:: Activity ::
Go through the material below and copy each line where the word "example" appears.

:: Data for this exercise ::
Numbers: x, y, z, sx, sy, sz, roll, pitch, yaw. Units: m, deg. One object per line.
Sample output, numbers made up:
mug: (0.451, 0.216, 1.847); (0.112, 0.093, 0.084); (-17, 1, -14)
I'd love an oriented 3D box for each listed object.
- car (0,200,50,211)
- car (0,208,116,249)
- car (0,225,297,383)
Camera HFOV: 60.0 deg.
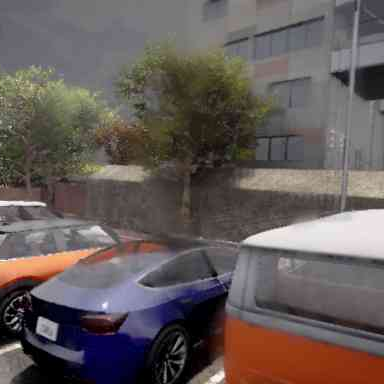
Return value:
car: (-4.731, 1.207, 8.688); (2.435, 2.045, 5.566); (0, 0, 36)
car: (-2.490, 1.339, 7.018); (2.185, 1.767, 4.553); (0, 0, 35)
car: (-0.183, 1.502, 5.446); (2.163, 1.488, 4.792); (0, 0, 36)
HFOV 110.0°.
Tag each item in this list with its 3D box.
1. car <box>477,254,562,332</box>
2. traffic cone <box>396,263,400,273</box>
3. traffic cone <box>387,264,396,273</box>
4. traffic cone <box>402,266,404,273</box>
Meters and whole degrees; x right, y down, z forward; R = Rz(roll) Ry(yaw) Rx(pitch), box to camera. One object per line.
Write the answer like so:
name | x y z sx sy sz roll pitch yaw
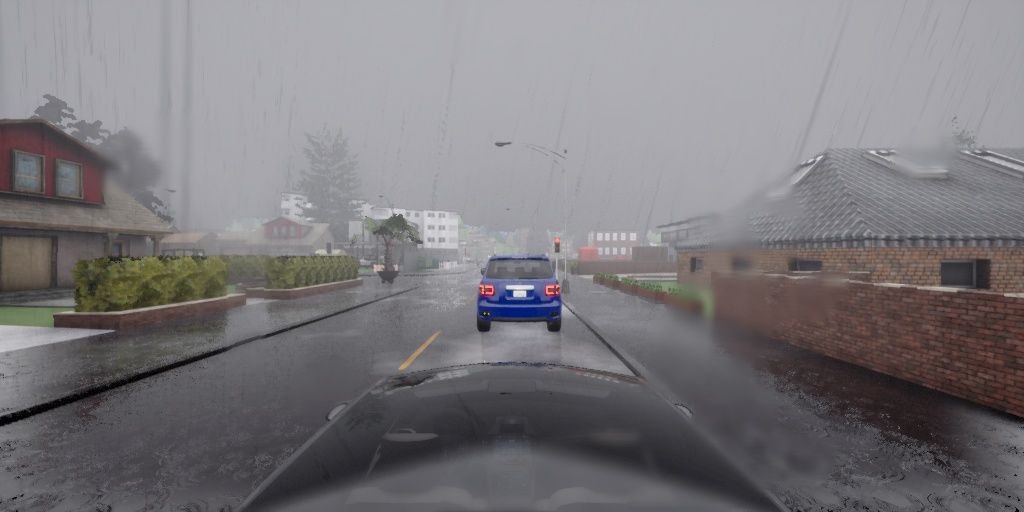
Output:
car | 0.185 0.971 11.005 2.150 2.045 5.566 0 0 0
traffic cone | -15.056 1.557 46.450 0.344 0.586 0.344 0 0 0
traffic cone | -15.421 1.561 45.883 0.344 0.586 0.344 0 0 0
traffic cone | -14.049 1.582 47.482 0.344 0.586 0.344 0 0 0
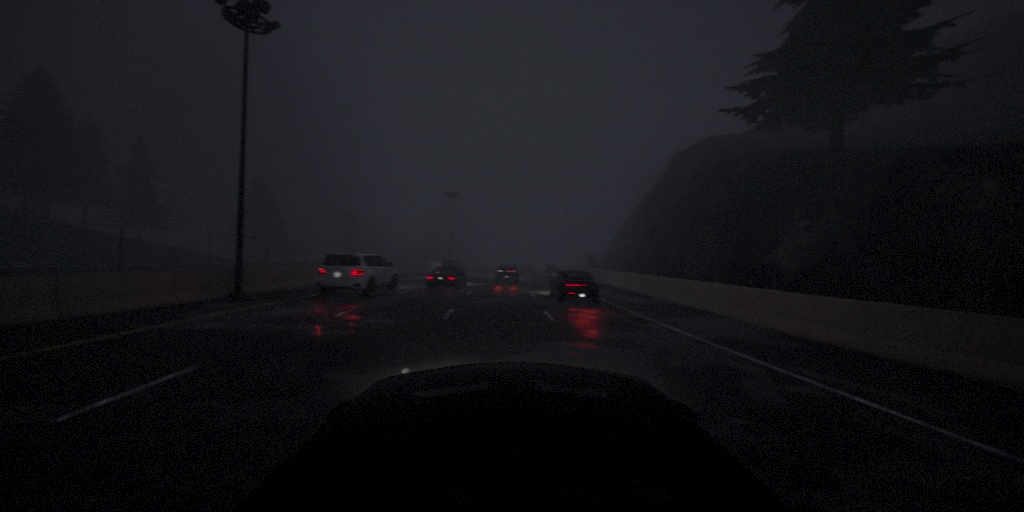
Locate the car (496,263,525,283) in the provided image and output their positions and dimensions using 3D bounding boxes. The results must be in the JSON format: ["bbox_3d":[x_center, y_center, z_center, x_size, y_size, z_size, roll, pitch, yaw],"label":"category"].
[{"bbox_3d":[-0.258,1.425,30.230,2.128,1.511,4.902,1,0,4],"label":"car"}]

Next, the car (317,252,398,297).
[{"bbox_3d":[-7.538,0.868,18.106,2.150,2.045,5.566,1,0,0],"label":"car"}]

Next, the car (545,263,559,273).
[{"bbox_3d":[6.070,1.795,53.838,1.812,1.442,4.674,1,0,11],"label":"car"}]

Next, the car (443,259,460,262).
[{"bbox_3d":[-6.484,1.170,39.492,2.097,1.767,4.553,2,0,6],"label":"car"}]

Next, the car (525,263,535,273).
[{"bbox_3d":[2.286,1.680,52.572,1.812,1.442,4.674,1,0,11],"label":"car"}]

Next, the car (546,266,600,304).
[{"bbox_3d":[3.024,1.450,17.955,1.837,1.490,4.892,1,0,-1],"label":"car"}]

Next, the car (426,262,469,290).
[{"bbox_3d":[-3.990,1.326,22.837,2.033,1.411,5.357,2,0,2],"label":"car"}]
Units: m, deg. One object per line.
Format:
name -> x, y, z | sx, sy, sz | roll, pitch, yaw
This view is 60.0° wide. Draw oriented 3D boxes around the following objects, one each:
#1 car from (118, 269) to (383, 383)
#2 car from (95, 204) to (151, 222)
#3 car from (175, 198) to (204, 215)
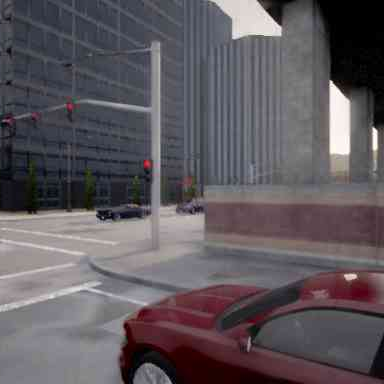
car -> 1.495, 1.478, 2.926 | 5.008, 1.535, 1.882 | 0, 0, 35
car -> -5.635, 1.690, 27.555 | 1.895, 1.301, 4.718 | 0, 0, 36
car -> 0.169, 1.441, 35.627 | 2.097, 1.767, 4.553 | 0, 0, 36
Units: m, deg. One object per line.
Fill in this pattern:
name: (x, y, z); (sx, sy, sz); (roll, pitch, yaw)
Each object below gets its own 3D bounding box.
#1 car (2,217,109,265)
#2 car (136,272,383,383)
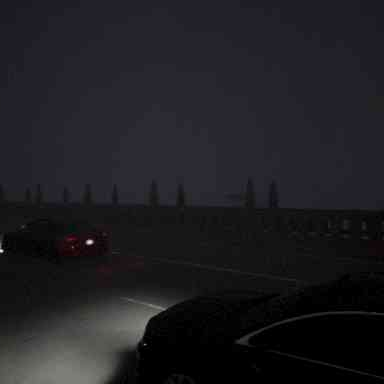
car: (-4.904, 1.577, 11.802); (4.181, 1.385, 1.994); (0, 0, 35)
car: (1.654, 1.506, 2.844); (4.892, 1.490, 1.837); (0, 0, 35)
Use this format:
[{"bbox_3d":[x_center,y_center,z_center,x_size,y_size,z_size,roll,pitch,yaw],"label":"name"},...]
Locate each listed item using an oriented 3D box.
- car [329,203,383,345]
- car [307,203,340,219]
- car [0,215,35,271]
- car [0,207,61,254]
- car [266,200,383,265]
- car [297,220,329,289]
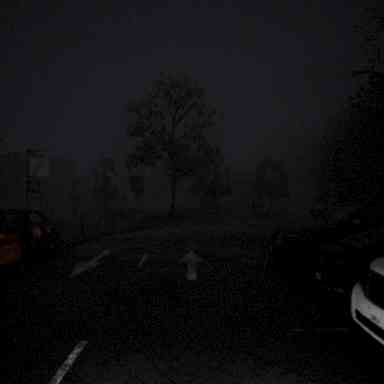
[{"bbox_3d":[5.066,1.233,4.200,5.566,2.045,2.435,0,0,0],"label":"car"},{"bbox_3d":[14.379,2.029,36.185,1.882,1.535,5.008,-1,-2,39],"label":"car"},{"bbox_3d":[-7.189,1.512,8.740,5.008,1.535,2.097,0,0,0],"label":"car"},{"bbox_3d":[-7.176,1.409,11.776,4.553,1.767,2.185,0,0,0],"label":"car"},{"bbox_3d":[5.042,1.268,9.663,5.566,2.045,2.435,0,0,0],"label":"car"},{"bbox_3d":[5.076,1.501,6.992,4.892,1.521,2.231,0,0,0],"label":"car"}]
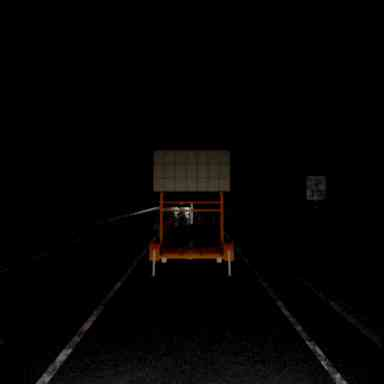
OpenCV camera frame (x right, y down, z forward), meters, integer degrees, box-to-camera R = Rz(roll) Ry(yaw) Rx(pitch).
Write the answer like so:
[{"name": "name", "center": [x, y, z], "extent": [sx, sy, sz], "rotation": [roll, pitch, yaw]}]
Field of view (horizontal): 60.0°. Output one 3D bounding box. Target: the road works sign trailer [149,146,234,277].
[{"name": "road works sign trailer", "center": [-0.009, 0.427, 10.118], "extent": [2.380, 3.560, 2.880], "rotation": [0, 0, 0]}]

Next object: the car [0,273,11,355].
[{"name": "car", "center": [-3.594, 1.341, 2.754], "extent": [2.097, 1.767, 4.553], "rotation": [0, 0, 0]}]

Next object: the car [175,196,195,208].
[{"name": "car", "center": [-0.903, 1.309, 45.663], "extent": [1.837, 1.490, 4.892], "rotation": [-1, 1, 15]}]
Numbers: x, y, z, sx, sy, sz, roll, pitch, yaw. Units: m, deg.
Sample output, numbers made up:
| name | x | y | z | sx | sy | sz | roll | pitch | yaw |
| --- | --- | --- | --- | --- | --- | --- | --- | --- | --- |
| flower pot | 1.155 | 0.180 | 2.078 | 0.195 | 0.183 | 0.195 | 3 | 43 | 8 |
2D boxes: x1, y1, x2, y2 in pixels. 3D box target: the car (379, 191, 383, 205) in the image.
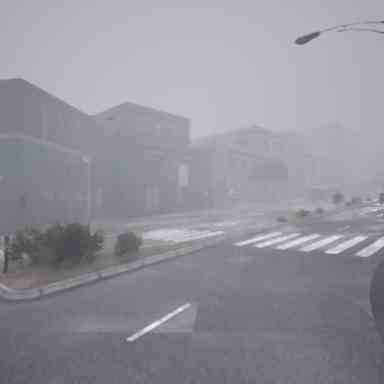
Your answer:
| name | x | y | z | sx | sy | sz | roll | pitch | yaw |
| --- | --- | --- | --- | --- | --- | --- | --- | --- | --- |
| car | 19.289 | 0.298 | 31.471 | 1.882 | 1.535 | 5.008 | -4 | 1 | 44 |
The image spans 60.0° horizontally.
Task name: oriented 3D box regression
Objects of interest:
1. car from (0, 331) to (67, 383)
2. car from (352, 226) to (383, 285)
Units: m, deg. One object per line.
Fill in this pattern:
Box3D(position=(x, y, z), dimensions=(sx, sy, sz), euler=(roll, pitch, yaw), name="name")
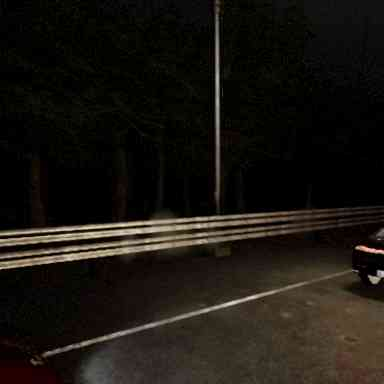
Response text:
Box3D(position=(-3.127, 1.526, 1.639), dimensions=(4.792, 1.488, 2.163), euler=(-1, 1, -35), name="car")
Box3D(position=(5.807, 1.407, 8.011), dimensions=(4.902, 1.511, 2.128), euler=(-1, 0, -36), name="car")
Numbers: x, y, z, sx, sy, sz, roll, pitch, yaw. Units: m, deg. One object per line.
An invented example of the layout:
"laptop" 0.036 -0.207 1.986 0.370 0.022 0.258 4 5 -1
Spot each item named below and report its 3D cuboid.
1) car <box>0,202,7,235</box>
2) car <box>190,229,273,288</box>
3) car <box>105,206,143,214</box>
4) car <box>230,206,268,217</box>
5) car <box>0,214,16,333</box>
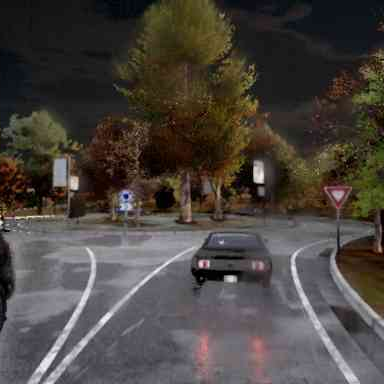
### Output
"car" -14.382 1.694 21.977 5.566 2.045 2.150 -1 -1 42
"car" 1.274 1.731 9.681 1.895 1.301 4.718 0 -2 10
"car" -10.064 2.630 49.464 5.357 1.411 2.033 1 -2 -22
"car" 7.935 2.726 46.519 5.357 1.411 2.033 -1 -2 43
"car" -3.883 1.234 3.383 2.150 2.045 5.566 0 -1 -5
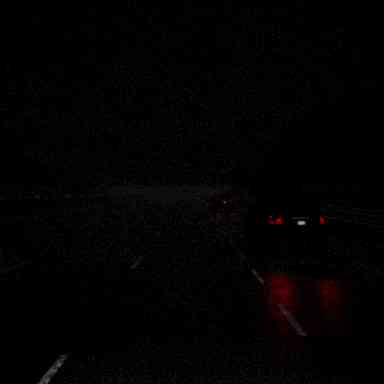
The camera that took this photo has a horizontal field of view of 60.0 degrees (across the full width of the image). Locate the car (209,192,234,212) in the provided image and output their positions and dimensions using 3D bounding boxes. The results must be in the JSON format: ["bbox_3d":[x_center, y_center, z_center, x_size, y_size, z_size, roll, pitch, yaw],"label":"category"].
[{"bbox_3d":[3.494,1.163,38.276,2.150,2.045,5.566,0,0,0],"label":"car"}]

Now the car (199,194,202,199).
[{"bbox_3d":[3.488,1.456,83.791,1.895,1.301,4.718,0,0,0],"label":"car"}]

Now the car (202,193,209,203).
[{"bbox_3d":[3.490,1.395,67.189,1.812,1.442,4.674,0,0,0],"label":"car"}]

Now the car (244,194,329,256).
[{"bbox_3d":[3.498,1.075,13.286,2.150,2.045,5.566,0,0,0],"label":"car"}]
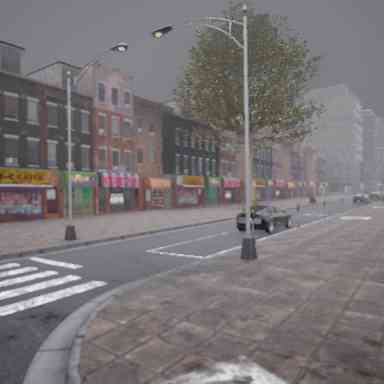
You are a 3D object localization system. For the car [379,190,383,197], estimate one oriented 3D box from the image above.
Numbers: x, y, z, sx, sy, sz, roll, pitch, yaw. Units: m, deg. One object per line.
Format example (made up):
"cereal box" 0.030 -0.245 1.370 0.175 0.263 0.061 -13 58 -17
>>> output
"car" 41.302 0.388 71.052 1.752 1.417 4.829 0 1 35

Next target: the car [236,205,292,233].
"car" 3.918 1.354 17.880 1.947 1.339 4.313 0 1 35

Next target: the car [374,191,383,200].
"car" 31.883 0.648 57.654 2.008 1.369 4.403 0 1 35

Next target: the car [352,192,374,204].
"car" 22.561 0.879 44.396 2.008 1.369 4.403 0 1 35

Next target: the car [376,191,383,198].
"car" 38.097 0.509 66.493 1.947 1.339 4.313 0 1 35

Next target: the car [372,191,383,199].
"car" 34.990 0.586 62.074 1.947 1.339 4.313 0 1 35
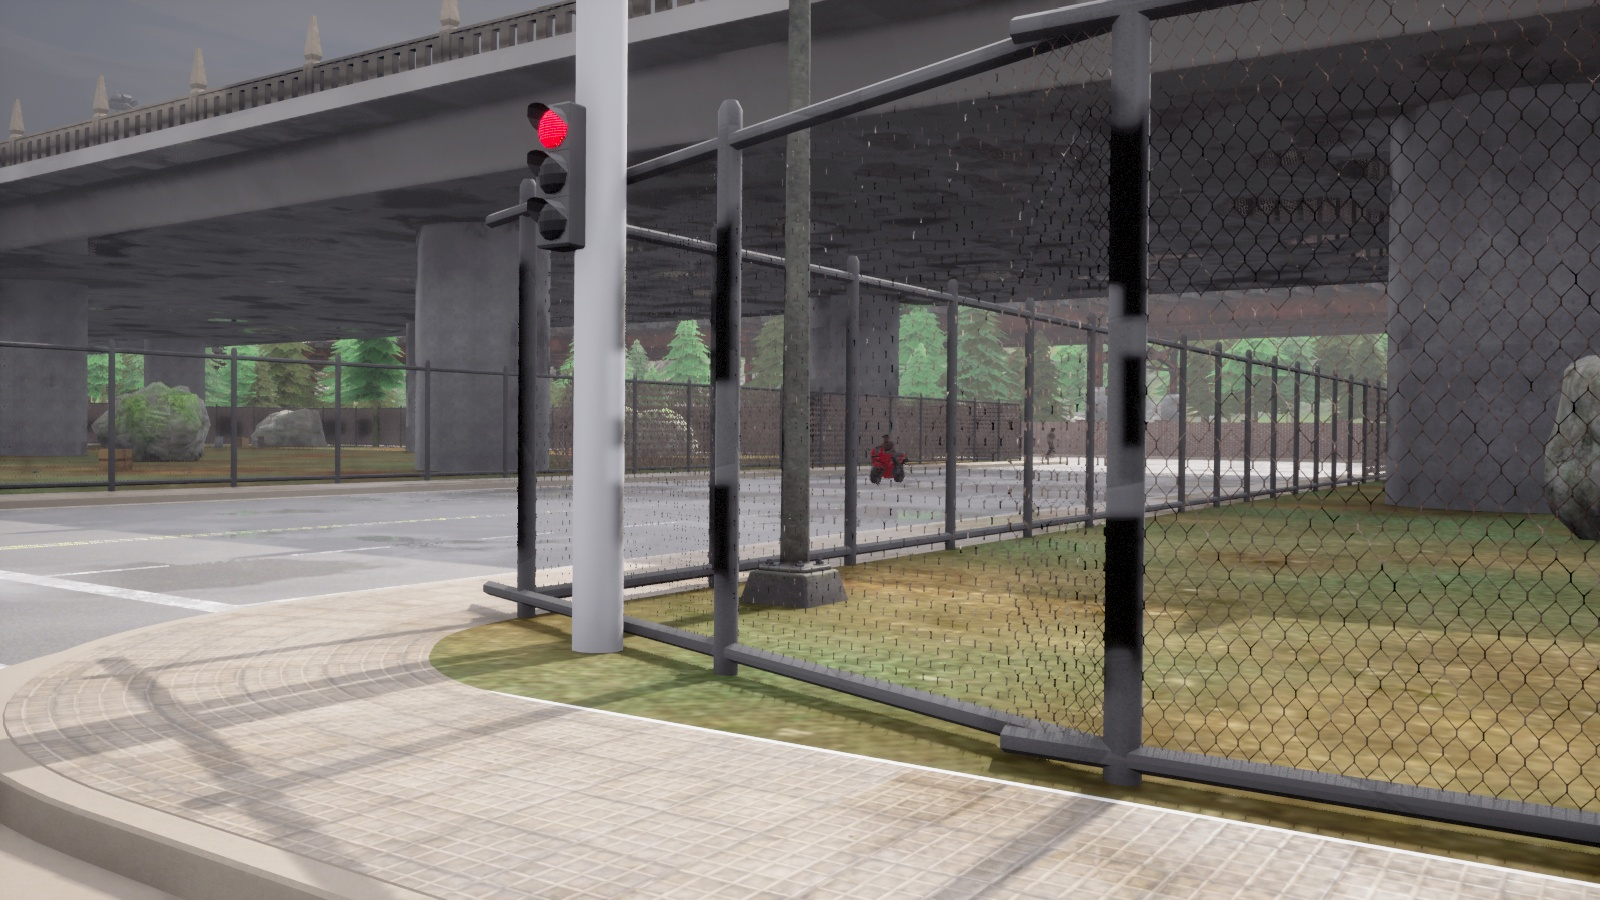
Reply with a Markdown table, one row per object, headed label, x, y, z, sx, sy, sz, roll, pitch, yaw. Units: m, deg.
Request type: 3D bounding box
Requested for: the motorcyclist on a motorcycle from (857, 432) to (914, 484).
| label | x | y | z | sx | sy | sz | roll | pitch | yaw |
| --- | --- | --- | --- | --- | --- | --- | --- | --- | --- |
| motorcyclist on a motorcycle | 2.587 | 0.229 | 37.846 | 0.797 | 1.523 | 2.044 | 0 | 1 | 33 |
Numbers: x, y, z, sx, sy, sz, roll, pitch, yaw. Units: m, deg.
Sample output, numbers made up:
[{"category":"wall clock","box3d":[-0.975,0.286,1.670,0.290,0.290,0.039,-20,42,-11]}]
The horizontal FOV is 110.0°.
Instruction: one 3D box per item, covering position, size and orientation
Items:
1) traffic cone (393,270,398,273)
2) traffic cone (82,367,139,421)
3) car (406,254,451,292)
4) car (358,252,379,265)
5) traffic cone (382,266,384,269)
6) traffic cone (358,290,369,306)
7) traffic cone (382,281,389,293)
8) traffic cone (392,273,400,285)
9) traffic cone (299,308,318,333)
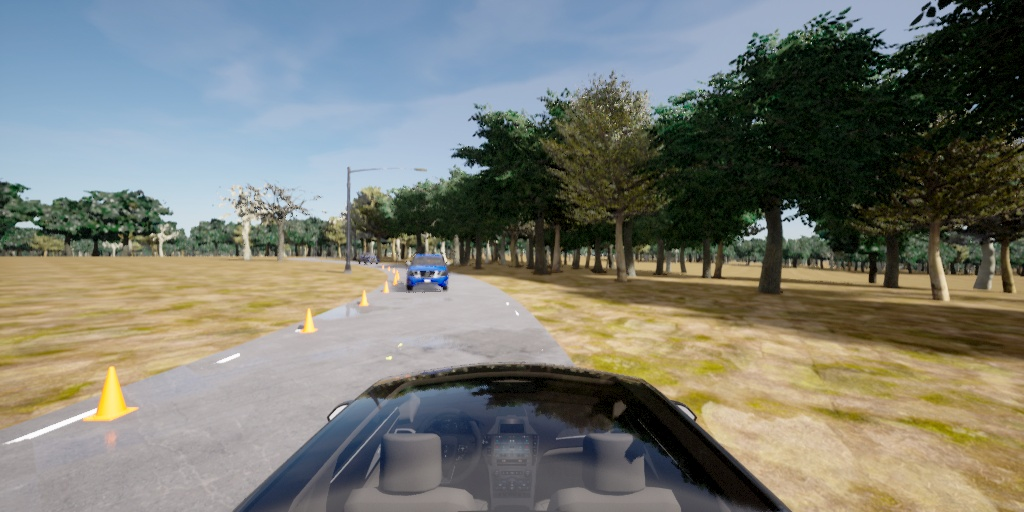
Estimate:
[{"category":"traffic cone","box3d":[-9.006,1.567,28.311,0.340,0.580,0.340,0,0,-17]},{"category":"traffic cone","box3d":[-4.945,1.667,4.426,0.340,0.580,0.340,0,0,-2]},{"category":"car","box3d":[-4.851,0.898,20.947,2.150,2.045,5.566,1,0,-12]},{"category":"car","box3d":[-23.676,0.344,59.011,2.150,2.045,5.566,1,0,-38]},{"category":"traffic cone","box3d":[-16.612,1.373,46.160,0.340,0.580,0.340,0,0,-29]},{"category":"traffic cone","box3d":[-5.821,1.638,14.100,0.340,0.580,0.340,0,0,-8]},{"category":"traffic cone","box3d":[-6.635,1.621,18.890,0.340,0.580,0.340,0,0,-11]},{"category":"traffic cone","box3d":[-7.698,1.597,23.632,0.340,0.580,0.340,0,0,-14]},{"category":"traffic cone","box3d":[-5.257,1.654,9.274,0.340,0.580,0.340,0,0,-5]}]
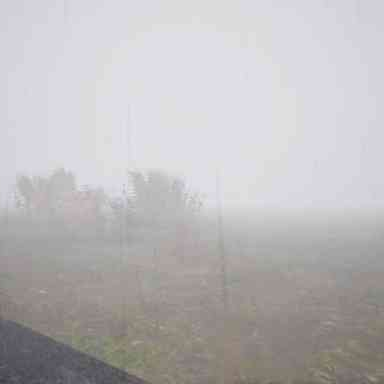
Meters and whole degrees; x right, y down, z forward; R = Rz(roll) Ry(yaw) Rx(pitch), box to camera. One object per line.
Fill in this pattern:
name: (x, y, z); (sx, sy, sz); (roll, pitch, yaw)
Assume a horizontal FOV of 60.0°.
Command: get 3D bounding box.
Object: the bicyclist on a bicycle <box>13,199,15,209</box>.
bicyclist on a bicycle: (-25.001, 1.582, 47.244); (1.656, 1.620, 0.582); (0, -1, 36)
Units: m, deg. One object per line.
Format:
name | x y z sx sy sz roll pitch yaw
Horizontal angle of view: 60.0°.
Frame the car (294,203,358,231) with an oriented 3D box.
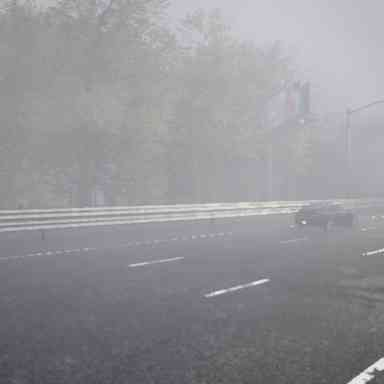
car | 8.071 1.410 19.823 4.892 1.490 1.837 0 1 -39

:: The completed task ::
An invented example of the layout:
Format example (made up):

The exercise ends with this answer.